The largest number of transferred detainees are sent to Louisiana, Mississippi, and Texas. Courts in these states are widely known for decisions that are hostile to immigrants. Collectively, these states also have the worst ratio of immigration detainees to immigration attorneys: 510 to 1.
As a result, the transfers can violate detainees’ right to fair treatment in court, slow down asylum or deportation proceedings, and prolong the time immigrants spend in detention and the overall cost of detention. In fact, Human Rights Watch found that transferred detainees spend more than three times as long in detention on average as those who remain in the same place.

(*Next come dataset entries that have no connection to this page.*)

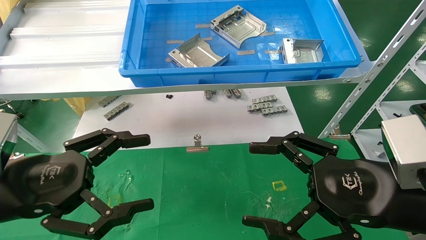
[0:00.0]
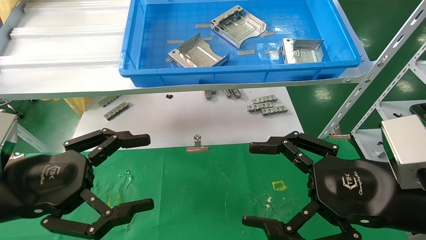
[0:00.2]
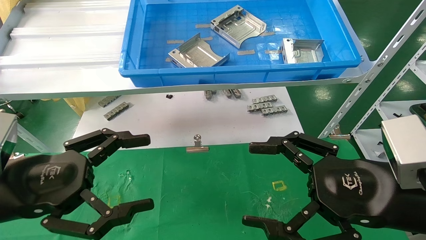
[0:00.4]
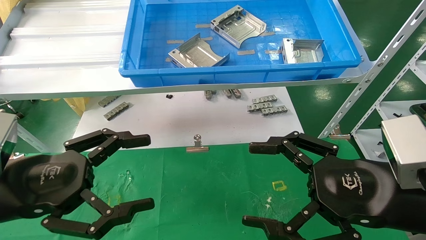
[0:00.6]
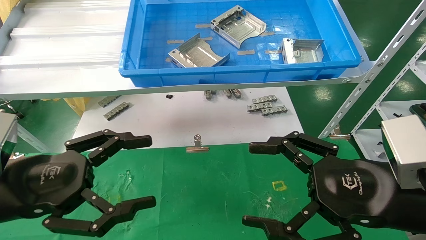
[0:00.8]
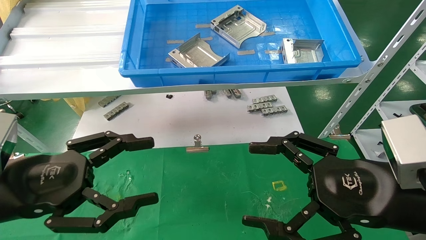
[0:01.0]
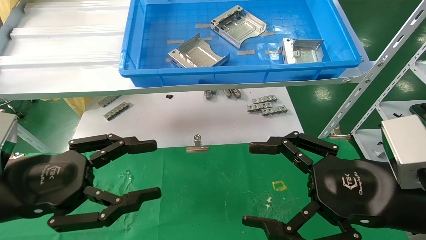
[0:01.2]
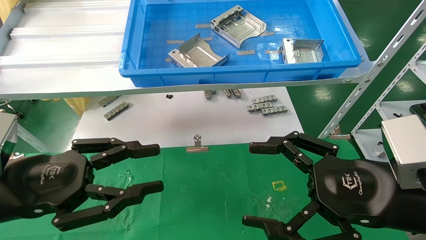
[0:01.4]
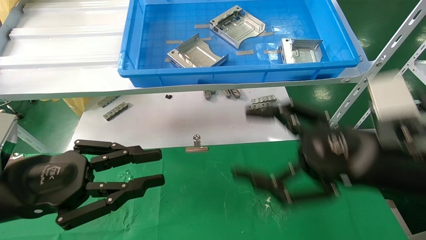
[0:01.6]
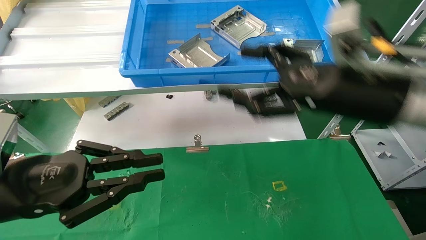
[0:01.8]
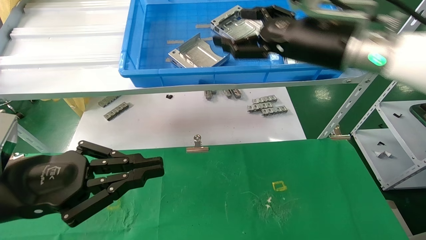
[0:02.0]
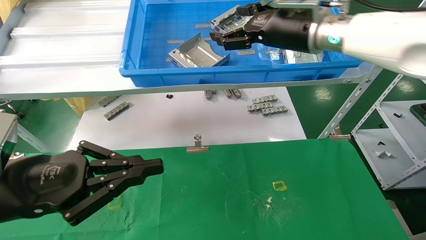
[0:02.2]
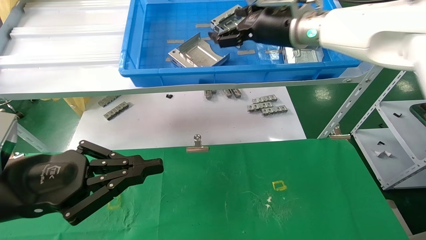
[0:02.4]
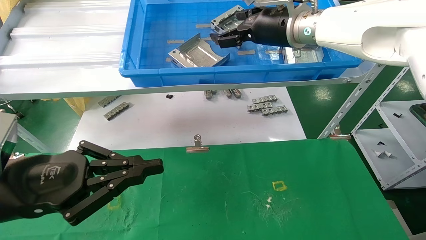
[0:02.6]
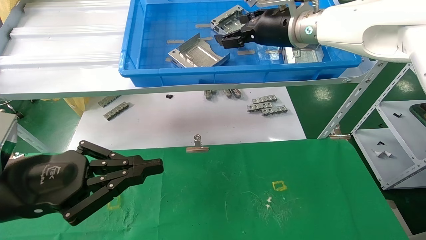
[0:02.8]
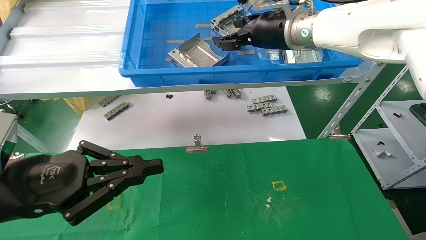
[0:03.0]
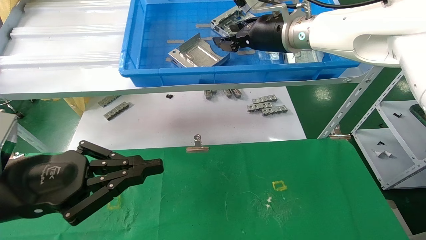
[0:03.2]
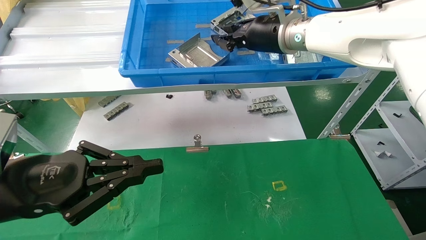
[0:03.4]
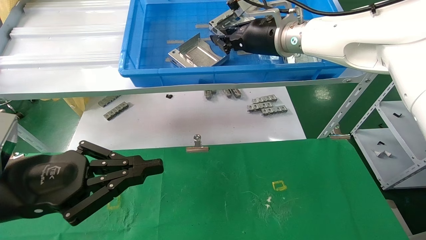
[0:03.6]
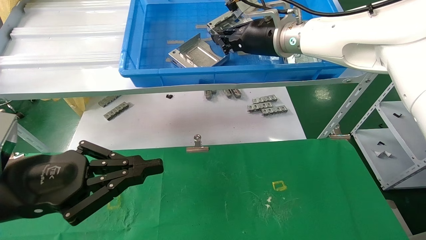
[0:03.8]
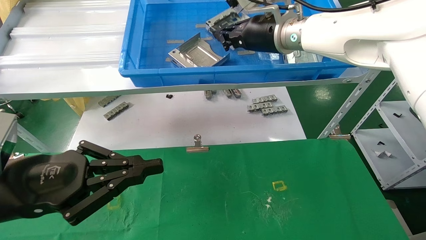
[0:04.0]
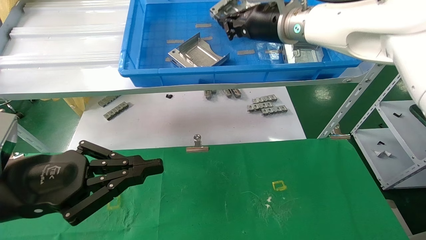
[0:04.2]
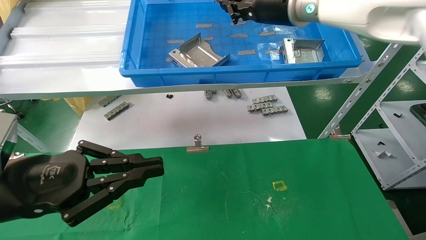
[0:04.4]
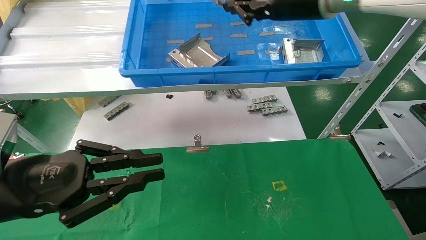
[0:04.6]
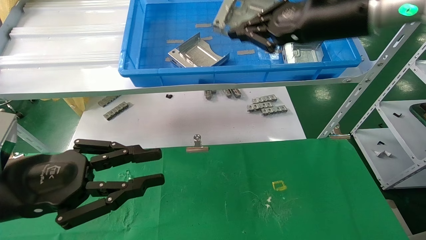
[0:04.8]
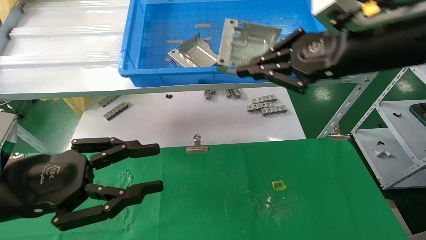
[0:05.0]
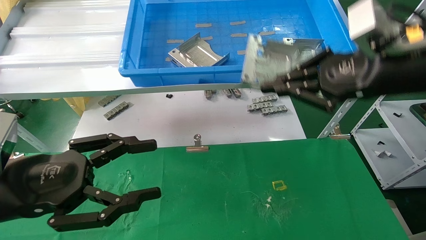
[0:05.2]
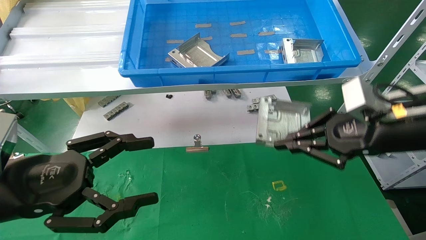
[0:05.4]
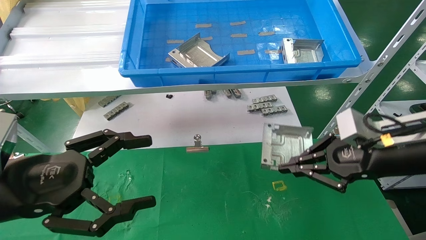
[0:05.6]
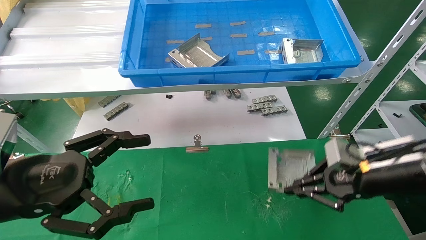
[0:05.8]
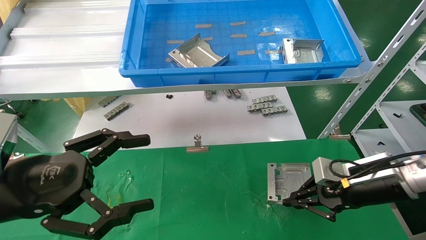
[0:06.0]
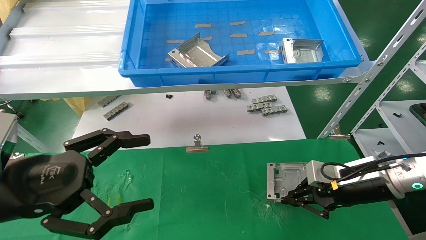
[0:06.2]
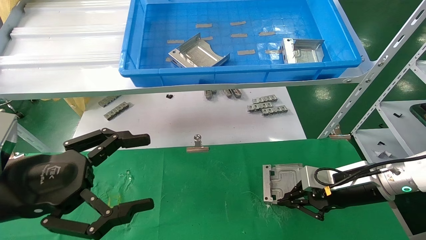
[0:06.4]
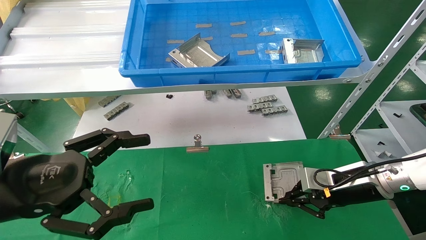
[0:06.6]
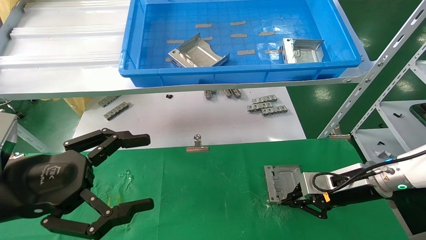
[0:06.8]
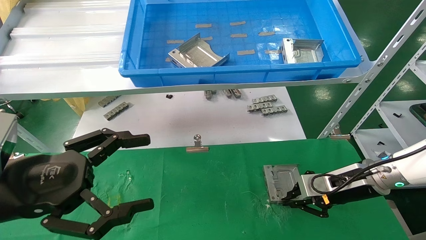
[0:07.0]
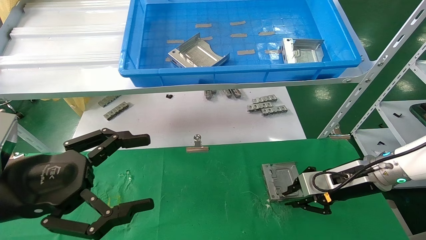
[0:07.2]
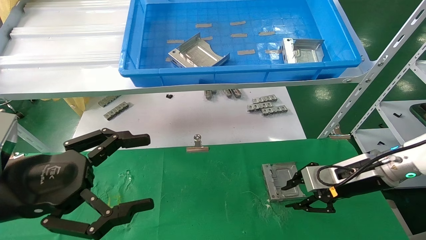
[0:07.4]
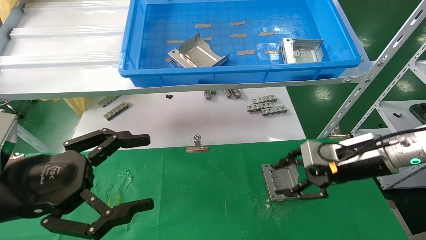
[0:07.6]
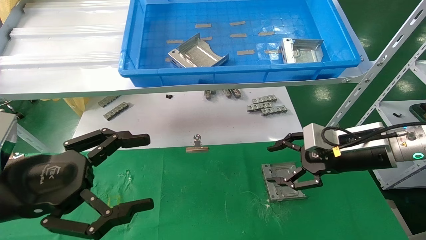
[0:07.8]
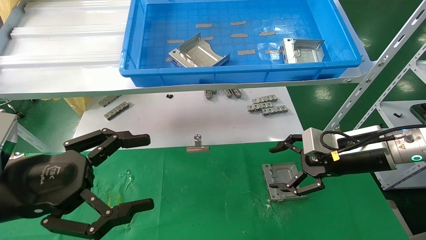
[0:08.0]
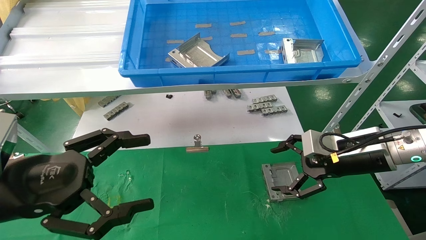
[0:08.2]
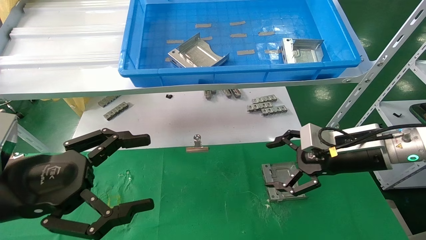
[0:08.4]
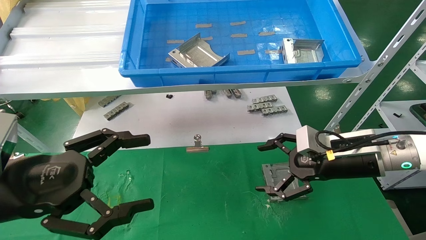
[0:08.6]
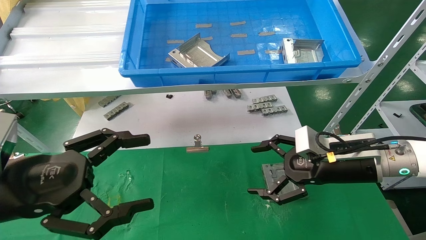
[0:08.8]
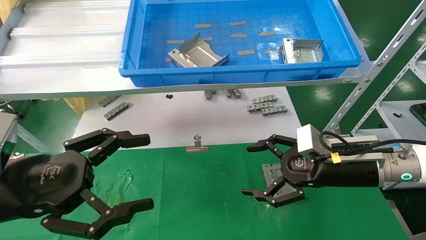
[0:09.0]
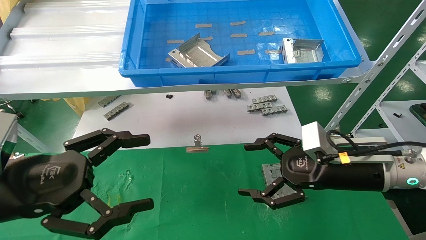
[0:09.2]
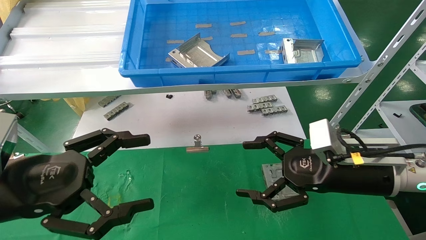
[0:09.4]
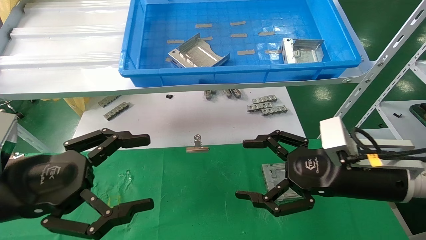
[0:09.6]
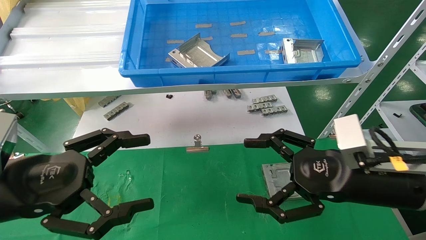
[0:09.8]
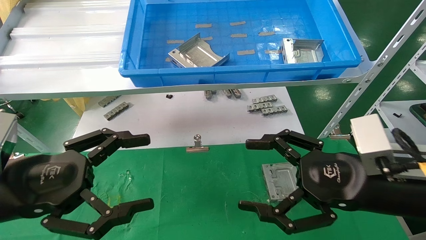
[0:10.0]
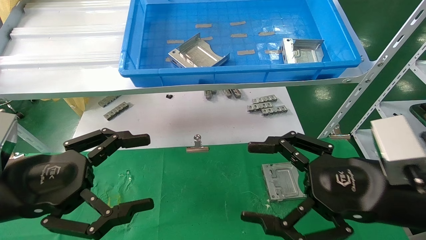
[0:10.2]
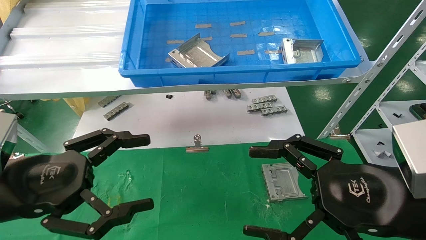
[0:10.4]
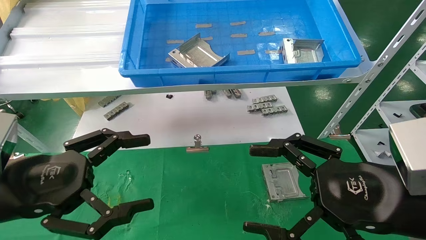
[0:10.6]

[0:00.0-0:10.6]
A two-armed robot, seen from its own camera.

To better understand the human impact of transfers, our researchers interviewed dozens of detainees, lawyers, family members, and officials. They met asylum seekers who had been separated from their families and spent years in detention, undocumented immigrants who had lost their pro bono counsel when they were transferred, and legal residents who struggled to mount a defense against deportation because their lawyer was thousands of miles away. Many couldn’t find an attorney in the remote locations to which they were transferred.
Our two reports, Locked Up Far Away and A Costly Move, garnered significant media coverage, as did our graphic analysis providing state-by-state trends in detainee transfers. Shortly after the publication of the first report, ICE pledged to change its transfer practices. We continued to meet with ICE officials as well as with members of Congress, discussing the situation in their respective states.
It took two more years of dogged advocacy until the new policy minimizing the long-distance transfer of detainees was put in place.The policy is designed to minimize the transfer of detainees who have family members in the area where they are detained, local attorneys, or pending immigration proceedings.
Going forward, Human Rights Watch will monitor transfers to ensure that ICE’s new directive is being implemented and to see how this changes the lives of immigrant detainees. We will also continue to push more broadly for better protection of immigrants’ rights. Currently, immigrants are not appointed counsel, even vulnerable immigrants like those with mental disabilities or asylum seekers. We want to ensure fair treatment of immigrants, by making sure those who need it most have adequate representation in court.